Any UDPN can easily be transformed in polynomial time into a loop-less UDPN such that \(\mathbb {Q}^+\)-reachability is preserved, by doubling the number of places and adding intermediate transitions. Formally, For every net \(\mathcal {N}\) and two markings \({{\varvec{{i}}}},{{\varvec{{f}}}}\) in polynomial time one can construct a loop-less net \(\mathcal {N}'\) and two markings \({{\varvec{{i}}}}',\ {{\varvec{{f}}}}'\) such that \({{\varvec{{i}}}}\xrightarrow {}_{\mathbb {Q}^+}{{\varvec{{f}}}}\) in the net \(\mathcal {N}\) iff \({{\varvec{{i}}}}'\xrightarrow {}_{\mathbb {Q}^+}{{\varvec{{f}}}}'\) in \(\mathcal {N}'.\) Now, the following lemma which describes a property of loop-less nets will be crucial for our reachability algorithm:

Lemma 7

In a loop-less net, for markings \({{\varvec{{i}}}}\), \({{\varvec{{f}}}}\), if there exist a histogram H, and a transition t \(\in \) T such that \({{\varvec{{i}}}}+\varDelta (t)\cdot H={{\varvec{{f}}}}\), then there exist a \(\mathbb {Q}^+\)-run \(\rho \) such that \({{\varvec{{i}}}}\xrightarrow {\rho }_{\mathbb {Q}^+}{{\varvec{{f}}}}\).
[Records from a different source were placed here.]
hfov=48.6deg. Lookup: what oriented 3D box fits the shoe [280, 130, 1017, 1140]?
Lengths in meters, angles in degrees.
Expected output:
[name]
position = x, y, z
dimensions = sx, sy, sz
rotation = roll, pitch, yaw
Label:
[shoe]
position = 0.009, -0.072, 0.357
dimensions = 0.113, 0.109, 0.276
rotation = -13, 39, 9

7.3 Encoding \(\mathbb {Q}^+\)-reachability as Linear Equations with Implications

Linear equations with implications, as we use them, are defined in [23], but were introduced in [12]. A system of linear equations with implications, also denoted a \(\implies \) system, is a finite set of linear inequalities over the same variables, plus a finite set of implications of the form \(x>0\implies y>0\), where xy are variables appearing in the linear inequalities.

Lemma 8

[12]. The \(\mathbb {Q}^+\) solvability problem for a \(\implies \) system is in \(PTime\).
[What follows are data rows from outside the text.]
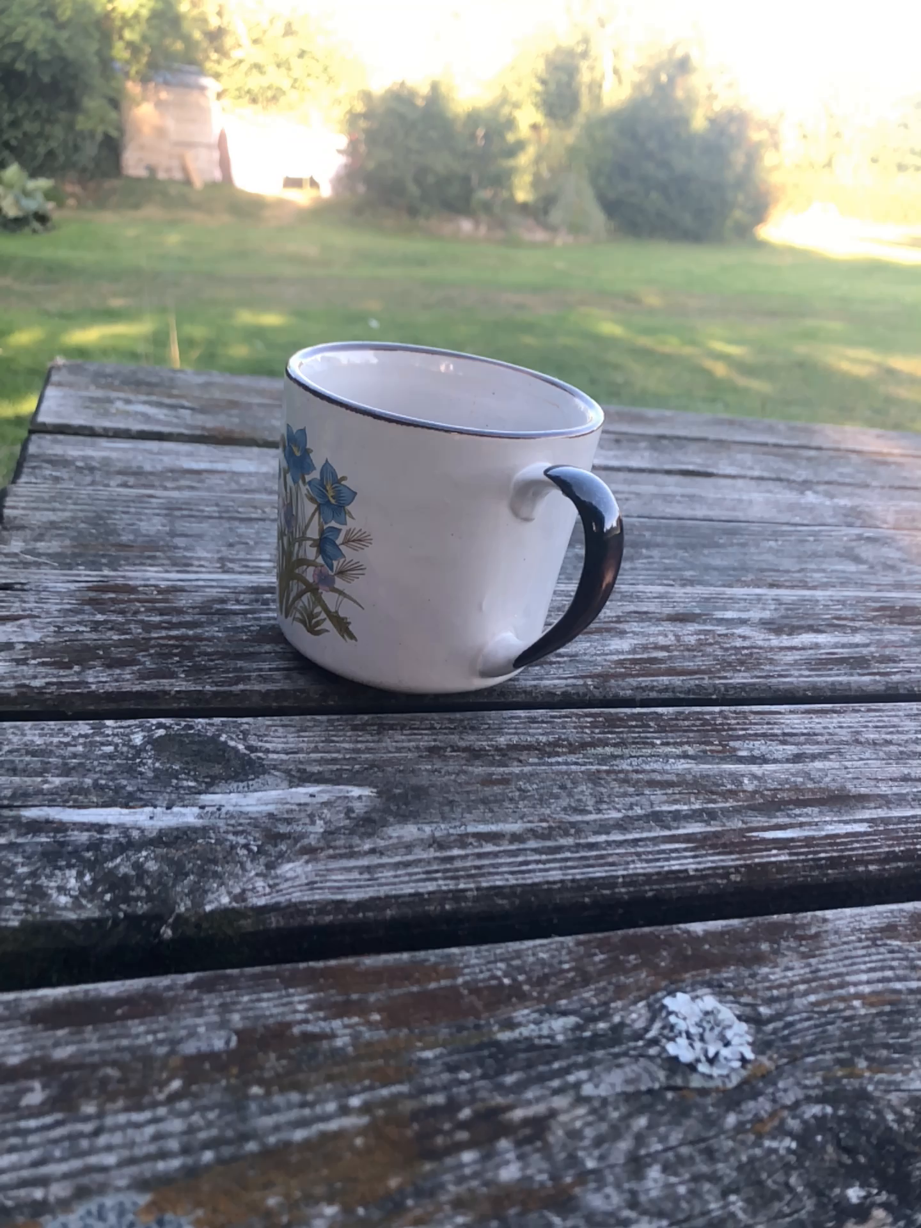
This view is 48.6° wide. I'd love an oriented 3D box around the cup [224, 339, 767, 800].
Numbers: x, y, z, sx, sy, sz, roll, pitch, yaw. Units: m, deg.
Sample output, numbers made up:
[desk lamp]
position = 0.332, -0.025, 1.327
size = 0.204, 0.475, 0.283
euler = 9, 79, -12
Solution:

We then reduce the \(\mathbb {Q}^+\)-reachability problem to checking the solvability of a system of linear equations with implications, using the characterization established in Lemma 6 in the following lemma.

Lemma 9

\(\mathbb {Q}^+\)-reachability in a UDPN \(\mathcal {N}=(P,T,F, Var )\) between markings \({{\varvec{{i}}}},{{\varvec{{f}}}}\) can be encoded as a set of linear equations with implications in P-time.

Finally, we obtain Theorem 3 as a consequence of Lemmas 8 and 9.

8 Conclusion

In this paper, we provided a polynomial time algorithm for continuous reachability in UDPN, matching the complexity for Petri nets without data. This is in contrast to problems such as discrete coverability, termination, where Petri nets with and without data differ enormously in complexity, and to (discrete) reachability, where decidability is still open. As future work, we aim to implement the continuous reachability algorithm developed here, to build the first tool for discrete coverability in UDPN on the lines of what has been done for Petri nets without data. The main obstacle will be performance evaluation due to lack of benchmarks for UDPNs. Another interesting avenue for future work would be to tackle continuous reachability for Petri nets with ordered data, which would allow us to analyze continuous variants of Timed Petri nets.